(Bloomberg) -- The moderate policies of Democratic presidential front-runner Joe Biden -- who opposes turning Medicare into national health insurance -- should ease the stress on health insurers if he scores an early primary victory in 2020. Unfortunately for holders of health insurers such as Humana Inc., UnitedHealth Group Inc. and Centene Corp., all of which are down by 10% or more since early December, the first caucus in Iowa isn’t until next February.
Leerink analyst Ana Gupte consulted two D.C. policy specialists and says the chance of a single-payer system -- dubbed Medicare for All -- becoming a reality is zero. She viewed Medicaid expansion and Medicare Advantage buy-ins offering voluntary Medicare to Americans in their fifties as more likely.
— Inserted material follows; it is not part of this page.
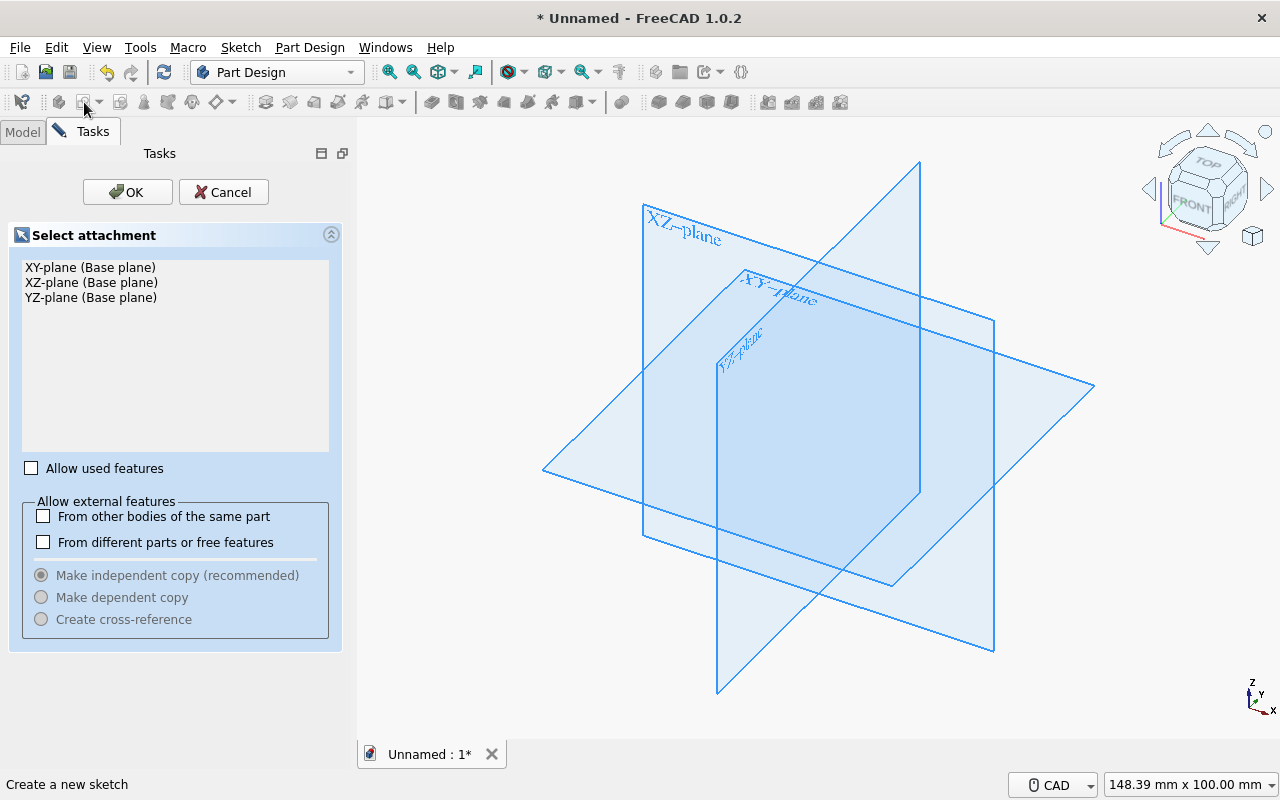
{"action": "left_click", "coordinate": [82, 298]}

Meanwhile a pending 5th Circuit Court decision -- oral arguments are tentatively scheduled to take place the week of July 8 -- should rule in favor of ObamaCare “with the [individual] mandate viewed as severable on empirical if not legal grounds,” Gupte wrote in a note to clients. That should lift an overhang on companies that have exposure to Medicaid and the Obamacare exchanges, such as Molina Healthcare Inc. and Centene, she said.
Gupte said she had increased conviction in stocks such as Anthem, Humana, UnitedHealth and, among hospitals, HCA Healthcare. She is not the first analyst to defend the health insurance sector, and some investors have used the sell-off as a chance to bolster their positions.
Scott Flanders, EHealth Inc’s chief executive, said earlier this month that an expansion of Medicare would likely be a boon for his company as well as insurers. UnitedHealth is leading managed care gains today as the group climbs a fourth day.